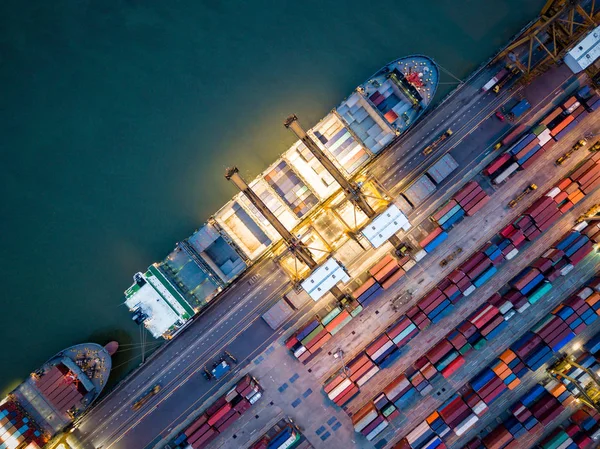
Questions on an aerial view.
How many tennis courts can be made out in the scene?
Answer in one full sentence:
The count of tennis courts is 0.
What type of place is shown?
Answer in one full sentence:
This looks like a port.
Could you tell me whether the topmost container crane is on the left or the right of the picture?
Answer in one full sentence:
The topmost container crane sits on the right side.
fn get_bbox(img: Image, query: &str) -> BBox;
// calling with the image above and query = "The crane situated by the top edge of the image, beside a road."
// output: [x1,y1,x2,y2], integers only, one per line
[490,0,600,89]
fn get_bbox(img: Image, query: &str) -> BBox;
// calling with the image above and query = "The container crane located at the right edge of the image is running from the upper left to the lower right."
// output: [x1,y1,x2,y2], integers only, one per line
[547,353,600,414]
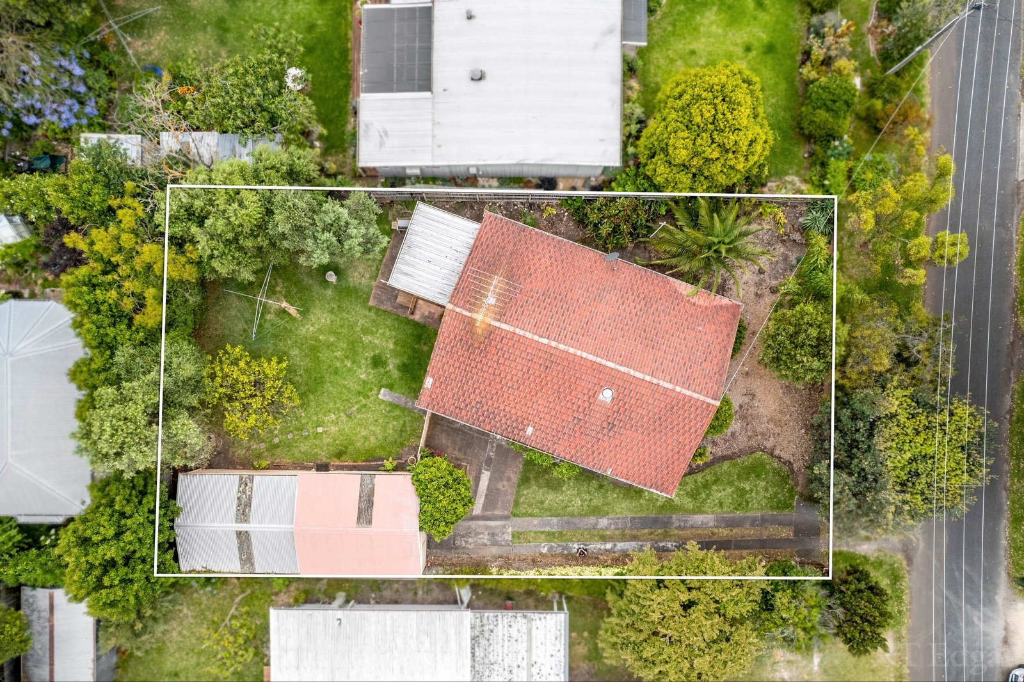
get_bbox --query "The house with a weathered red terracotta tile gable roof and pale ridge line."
[415,209,744,499]
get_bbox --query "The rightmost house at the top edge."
[355,0,625,181]
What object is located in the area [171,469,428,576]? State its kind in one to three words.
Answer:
building
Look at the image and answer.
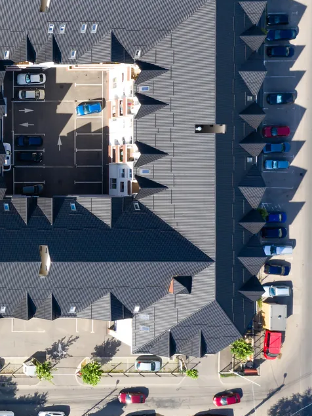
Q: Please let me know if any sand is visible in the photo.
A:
No
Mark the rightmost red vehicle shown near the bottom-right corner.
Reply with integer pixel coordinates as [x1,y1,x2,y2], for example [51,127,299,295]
[265,329,281,360]
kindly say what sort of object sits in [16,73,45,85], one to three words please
vehicle
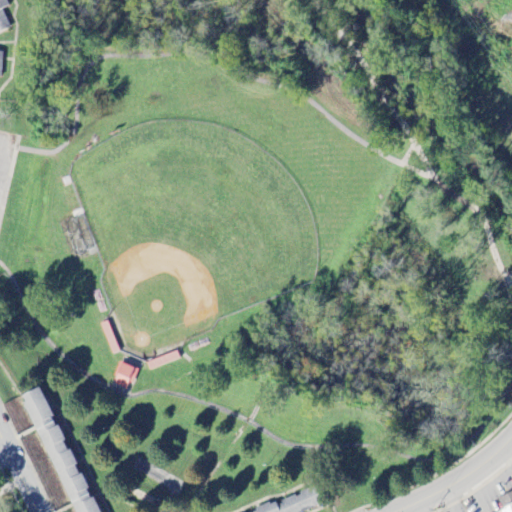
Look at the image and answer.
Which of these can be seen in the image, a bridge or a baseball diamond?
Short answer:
baseball diamond
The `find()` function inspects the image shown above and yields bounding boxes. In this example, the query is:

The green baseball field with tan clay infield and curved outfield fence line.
[70,118,318,360]
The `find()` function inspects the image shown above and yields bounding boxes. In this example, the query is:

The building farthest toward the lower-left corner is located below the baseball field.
[20,388,100,512]
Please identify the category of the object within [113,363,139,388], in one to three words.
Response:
building
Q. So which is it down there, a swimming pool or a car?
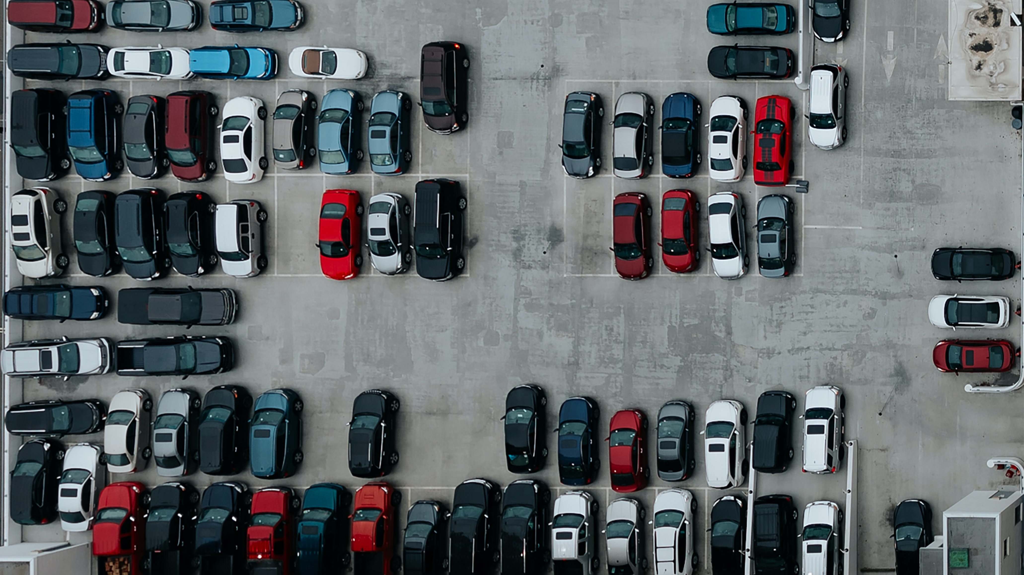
car
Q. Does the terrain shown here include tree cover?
No
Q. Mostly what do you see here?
paved ground
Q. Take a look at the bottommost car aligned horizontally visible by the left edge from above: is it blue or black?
black
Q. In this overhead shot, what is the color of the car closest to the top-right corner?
black
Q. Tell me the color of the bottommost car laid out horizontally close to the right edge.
red
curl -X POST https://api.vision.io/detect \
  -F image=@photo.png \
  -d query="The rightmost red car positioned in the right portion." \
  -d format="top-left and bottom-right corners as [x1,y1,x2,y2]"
[933,336,1015,377]
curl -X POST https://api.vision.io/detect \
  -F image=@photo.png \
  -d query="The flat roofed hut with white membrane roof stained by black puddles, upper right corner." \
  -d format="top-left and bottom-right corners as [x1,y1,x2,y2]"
[948,0,1024,101]
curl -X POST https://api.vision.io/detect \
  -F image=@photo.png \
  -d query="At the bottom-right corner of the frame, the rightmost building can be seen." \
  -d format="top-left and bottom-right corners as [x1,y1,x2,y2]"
[943,491,1024,575]
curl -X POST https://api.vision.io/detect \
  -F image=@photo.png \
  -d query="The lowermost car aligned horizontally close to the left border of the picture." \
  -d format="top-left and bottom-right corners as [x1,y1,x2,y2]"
[5,397,107,443]
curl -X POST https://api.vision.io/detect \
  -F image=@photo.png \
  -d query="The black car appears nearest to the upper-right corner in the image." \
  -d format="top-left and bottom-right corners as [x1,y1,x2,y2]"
[808,0,850,43]
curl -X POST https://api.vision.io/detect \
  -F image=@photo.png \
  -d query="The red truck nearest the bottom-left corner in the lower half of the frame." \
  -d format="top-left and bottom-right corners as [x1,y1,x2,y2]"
[94,481,151,575]
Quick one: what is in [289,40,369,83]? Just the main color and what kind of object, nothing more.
white car
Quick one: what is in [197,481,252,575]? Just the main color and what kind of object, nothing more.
black truck
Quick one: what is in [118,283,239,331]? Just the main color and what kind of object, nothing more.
black truck
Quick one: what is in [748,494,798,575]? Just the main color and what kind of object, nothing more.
black car
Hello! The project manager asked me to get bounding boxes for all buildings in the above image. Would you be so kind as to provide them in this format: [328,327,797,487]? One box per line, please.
[948,0,1024,101]
[943,491,1024,575]
[0,542,89,575]
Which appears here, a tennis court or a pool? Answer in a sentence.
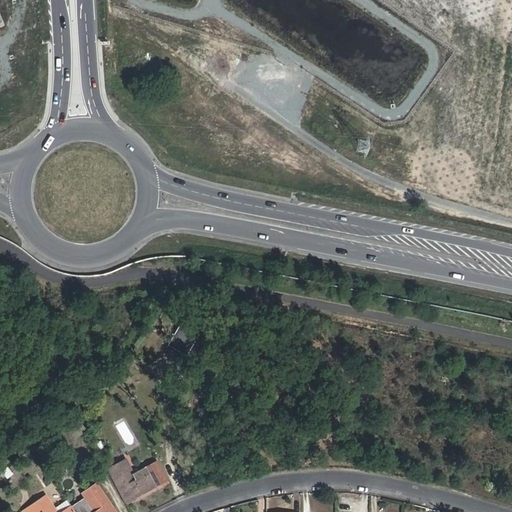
Of the two, only a pool appears.
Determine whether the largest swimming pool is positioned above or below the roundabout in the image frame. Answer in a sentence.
Looking at the scene, the largest swimming pool is located below the roundabout.
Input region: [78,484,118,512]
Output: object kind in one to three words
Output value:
house
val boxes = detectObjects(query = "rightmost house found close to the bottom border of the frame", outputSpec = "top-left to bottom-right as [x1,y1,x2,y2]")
[108,460,166,504]
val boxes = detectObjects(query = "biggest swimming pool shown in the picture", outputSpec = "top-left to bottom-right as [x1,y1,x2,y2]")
[114,418,140,454]
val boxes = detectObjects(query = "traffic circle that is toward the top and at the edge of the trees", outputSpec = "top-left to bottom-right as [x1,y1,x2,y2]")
[0,118,159,269]
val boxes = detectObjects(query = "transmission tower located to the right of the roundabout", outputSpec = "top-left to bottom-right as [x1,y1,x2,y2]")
[356,136,372,154]
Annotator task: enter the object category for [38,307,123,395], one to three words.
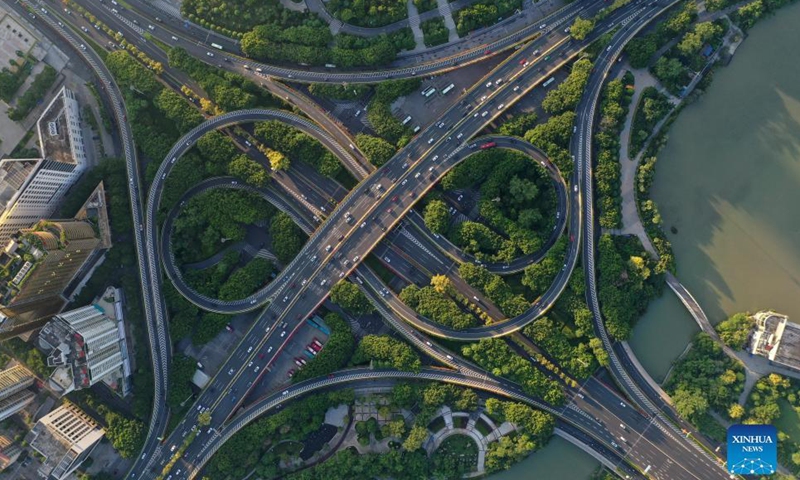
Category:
building
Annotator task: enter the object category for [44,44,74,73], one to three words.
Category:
shed
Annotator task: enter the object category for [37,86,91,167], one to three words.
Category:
building

*-*-*

Task description ::
What is needed is an exact repeat of every entry above, with the pictures left out.

Answer to the problem ::
Questions on an aerial view.
How many tennis courts can be made out in the scene?
Answer in one full sentence:
The count of tennis courts is 0.
What type of place is shown?
Answer in one full sentence:
This looks like a port.
Could you tell me whether the topmost container crane is on the left or the right of the picture?
Answer in one full sentence:
The topmost container crane sits on the right side.
fn get_bbox(img: Image, query: &str) -> BBox;
// calling with the image above and query = "The crane situated by the top edge of the image, beside a road."
// output: [x1,y1,x2,y2], integers only, one per line
[490,0,600,89]
fn get_bbox(img: Image, query: &str) -> BBox;
// calling with the image above and query = "The container crane located at the right edge of the image is running from the upper left to the lower right."
// output: [x1,y1,x2,y2], integers only, one per line
[547,353,600,414]
get_bbox --query "The house with a weathered red terracotta tile gable roof and pale ridge line."
[415,209,744,499]
get_bbox --query "The rightmost house at the top edge."
[355,0,625,181]
What object is located in the area [171,469,428,576]? State its kind in one to three words.
Answer:
building
Look at the image and answer.
Q: Please let me know if any sand is visible in the photo.
A:
No
Mark the rightmost red vehicle shown near the bottom-right corner.
Reply with integer pixel coordinates as [x1,y1,x2,y2], for example [51,127,299,295]
[265,329,281,360]
kindly say what sort of object sits in [16,73,45,85], one to three words please
vehicle
Look at the image and answer.
Which of these can be seen in the image, a bridge or a baseball diamond?
Short answer:
baseball diamond
The `find()` function inspects the image shown above and yields bounding boxes. In this example, the query is:

The green baseball field with tan clay infield and curved outfield fence line.
[70,118,318,360]
The `find()` function inspects the image shown above and yields bounding boxes. In this example, the query is:

The building farthest toward the lower-left corner is located below the baseball field.
[20,388,100,512]
Please identify the category of the object within [113,363,139,388], in one to three words.
Response:
building
Q. So which is it down there, a swimming pool or a car?
car
Q. Does the terrain shown here include tree cover?
No
Q. Mostly what do you see here?
paved ground
Q. Take a look at the bottommost car aligned horizontally visible by the left edge from above: is it blue or black?
black
Q. In this overhead shot, what is the color of the car closest to the top-right corner?
black
Q. Tell me the color of the bottommost car laid out horizontally close to the right edge.
red
curl -X POST https://api.vision.io/detect \
  -F image=@photo.png \
  -d query="The rightmost red car positioned in the right portion." \
  -d format="top-left and bottom-right corners as [x1,y1,x2,y2]"
[933,336,1015,377]
curl -X POST https://api.vision.io/detect \
  -F image=@photo.png \
  -d query="The flat roofed hut with white membrane roof stained by black puddles, upper right corner." \
  -d format="top-left and bottom-right corners as [x1,y1,x2,y2]"
[948,0,1024,101]
curl -X POST https://api.vision.io/detect \
  -F image=@photo.png \
  -d query="At the bottom-right corner of the frame, the rightmost building can be seen." \
  -d format="top-left and bottom-right corners as [x1,y1,x2,y2]"
[943,491,1024,575]
curl -X POST https://api.vision.io/detect \
  -F image=@photo.png \
  -d query="The lowermost car aligned horizontally close to the left border of the picture." \
  -d format="top-left and bottom-right corners as [x1,y1,x2,y2]"
[5,397,107,443]
curl -X POST https://api.vision.io/detect \
  -F image=@photo.png \
  -d query="The black car appears nearest to the upper-right corner in the image." \
  -d format="top-left and bottom-right corners as [x1,y1,x2,y2]"
[808,0,850,43]
curl -X POST https://api.vision.io/detect \
  -F image=@photo.png \
  -d query="The red truck nearest the bottom-left corner in the lower half of the frame." \
  -d format="top-left and bottom-right corners as [x1,y1,x2,y2]"
[94,481,151,575]
Quick one: what is in [289,40,369,83]? Just the main color and what kind of object, nothing more.
white car
Quick one: what is in [197,481,252,575]? Just the main color and what kind of object, nothing more.
black truck
Quick one: what is in [118,283,239,331]? Just the main color and what kind of object, nothing more.
black truck
Quick one: what is in [748,494,798,575]? Just the main color and what kind of object, nothing more.
black car
Hello! The project manager asked me to get bounding boxes for all buildings in the above image. Would you be so kind as to provide them in this format: [328,327,797,487]? One box per line, please.
[948,0,1024,101]
[943,491,1024,575]
[0,542,89,575]
Which appears here, a tennis court or a pool? Answer in a sentence.
Of the two, only a pool appears.
Determine whether the largest swimming pool is positioned above or below the roundabout in the image frame. Answer in a sentence.
Looking at the scene, the largest swimming pool is located below the roundabout.
Input region: [78,484,118,512]
Output: object kind in one to three words
Output value:
house
val boxes = detectObjects(query = "rightmost house found close to the bottom border of the frame", outputSpec = "top-left to bottom-right as [x1,y1,x2,y2]")
[108,460,166,504]
val boxes = detectObjects(query = "biggest swimming pool shown in the picture", outputSpec = "top-left to bottom-right as [x1,y1,x2,y2]")
[114,418,140,454]
val boxes = detectObjects(query = "traffic circle that is toward the top and at the edge of the trees", outputSpec = "top-left to bottom-right as [x1,y1,x2,y2]")
[0,118,159,269]
val boxes = detectObjects(query = "transmission tower located to the right of the roundabout", outputSpec = "top-left to bottom-right as [x1,y1,x2,y2]")
[356,136,372,154]
Annotator task: enter the object category for [38,307,123,395], one to three words.
Category:
building
Annotator task: enter the object category for [44,44,74,73], one to three words.
Category:
shed
Annotator task: enter the object category for [37,86,91,167], one to three words.
Category:
building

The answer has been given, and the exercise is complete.